* _To do_: The whole listing is to be given again without alteration, except that its pictures are dropped.
<<<<
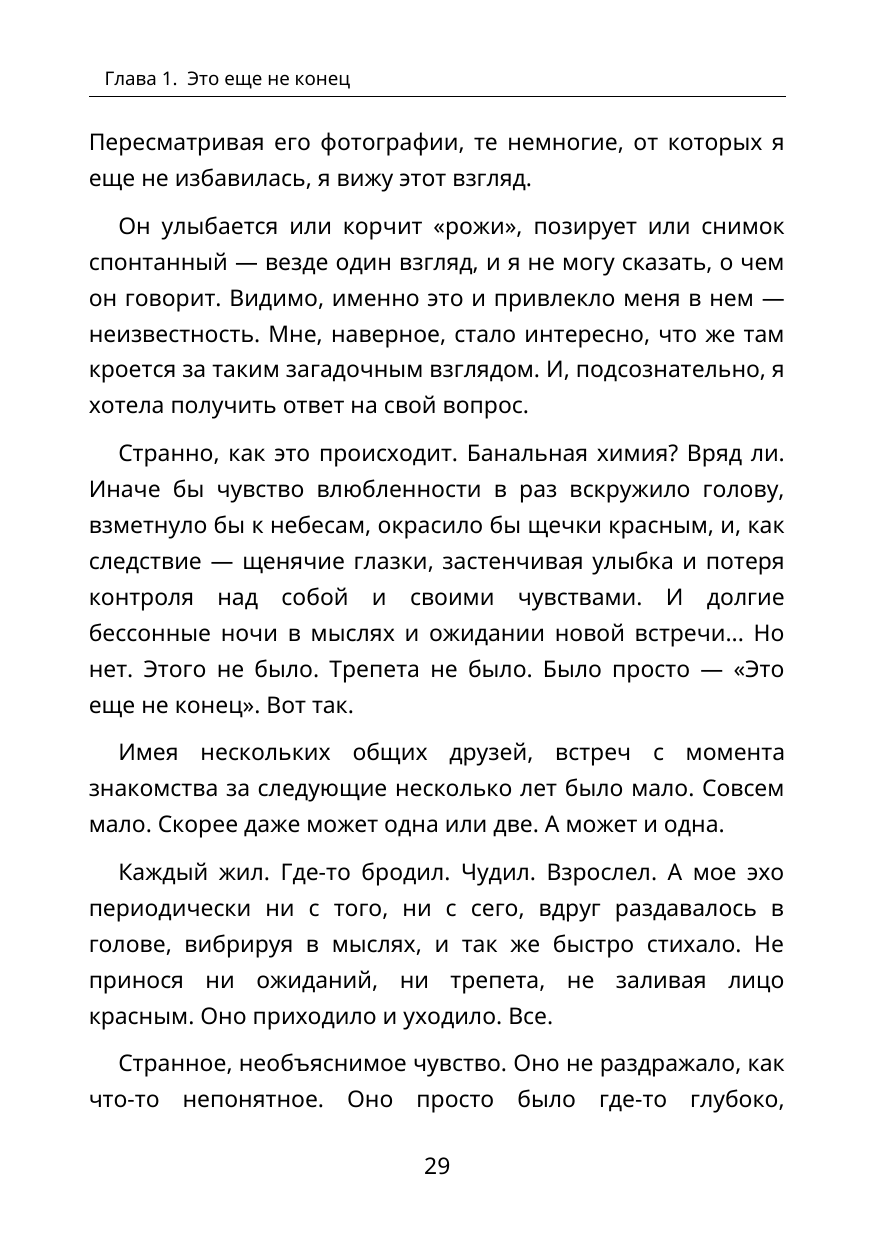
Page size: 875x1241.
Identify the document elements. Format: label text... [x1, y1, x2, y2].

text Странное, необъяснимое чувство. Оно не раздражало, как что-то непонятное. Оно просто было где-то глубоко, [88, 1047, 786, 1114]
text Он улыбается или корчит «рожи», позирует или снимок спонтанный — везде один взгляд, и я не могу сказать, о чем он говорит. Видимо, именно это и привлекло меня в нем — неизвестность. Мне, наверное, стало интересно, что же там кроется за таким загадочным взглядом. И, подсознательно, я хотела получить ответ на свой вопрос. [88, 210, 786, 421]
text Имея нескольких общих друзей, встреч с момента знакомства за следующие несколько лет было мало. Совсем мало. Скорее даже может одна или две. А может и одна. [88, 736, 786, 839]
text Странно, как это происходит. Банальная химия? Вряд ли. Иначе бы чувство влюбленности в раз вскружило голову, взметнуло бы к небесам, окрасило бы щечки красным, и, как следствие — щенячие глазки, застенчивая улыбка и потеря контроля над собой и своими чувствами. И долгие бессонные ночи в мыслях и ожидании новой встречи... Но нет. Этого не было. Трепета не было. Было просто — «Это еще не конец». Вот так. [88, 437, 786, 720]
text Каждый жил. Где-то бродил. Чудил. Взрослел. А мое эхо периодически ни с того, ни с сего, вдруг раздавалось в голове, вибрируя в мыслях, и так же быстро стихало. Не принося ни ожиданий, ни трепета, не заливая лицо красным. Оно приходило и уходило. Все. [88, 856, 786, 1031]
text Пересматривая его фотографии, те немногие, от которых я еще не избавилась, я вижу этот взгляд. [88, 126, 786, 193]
>>>>
* _Task response_:
Page size: 875x1241.
Identify the document elements. Format: label text... [x1, y1, x2, y2].

text Странное, необъяснимое чувство. Оно не раздражало, как что-то непонятное. Оно просто было где-то глубоко, [88, 1047, 786, 1114]
text Он улыбается или корчит «рожи», позирует или снимок спонтанный — везде один взгляд, и я не могу сказать, о чем он говорит. Видимо, именно это и привлекло меня в нем — неизвестность. Мне, наверное, стало интересно, что же там кроется за таким загадочным взглядом. И, подсознательно, я хотела получить ответ на свой вопрос. [88, 210, 786, 421]
text Имея нескольких общих друзей, встреч с момента знакомства за следующие несколько лет было мало. Совсем мало. Скорее даже может одна или две. А может и одна. [88, 736, 786, 839]
text Странно, как это происходит. Банальная химия? Вряд ли. Иначе бы чувство влюбленности в раз вскружило голову, взметнуло бы к небесам, окрасило бы щечки красным, и, как следствие — щенячие глазки, застенчивая улыбка и потеря контроля над собой и своими чувствами. И долгие бессонные ночи в мыслях и ожидании новой встречи... Но нет. Этого не было. Трепета не было. Было просто — «Это еще не конец». Вот так. [88, 437, 786, 720]
text Каждый жил. Где-то бродил. Чудил. Взрослел. А мое эхо периодически ни с того, ни с сего, вдруг раздавалось в голове, вибрируя в мыслях, и так же быстро стихало. Не принося ни ожиданий, ни трепета, не заливая лицо красным. Оно приходило и уходило. Все. [88, 856, 786, 1031]
text Пересматривая его фотографии, те немногие, от которых я еще не избавилась, я вижу этот взгляд. [88, 126, 786, 193]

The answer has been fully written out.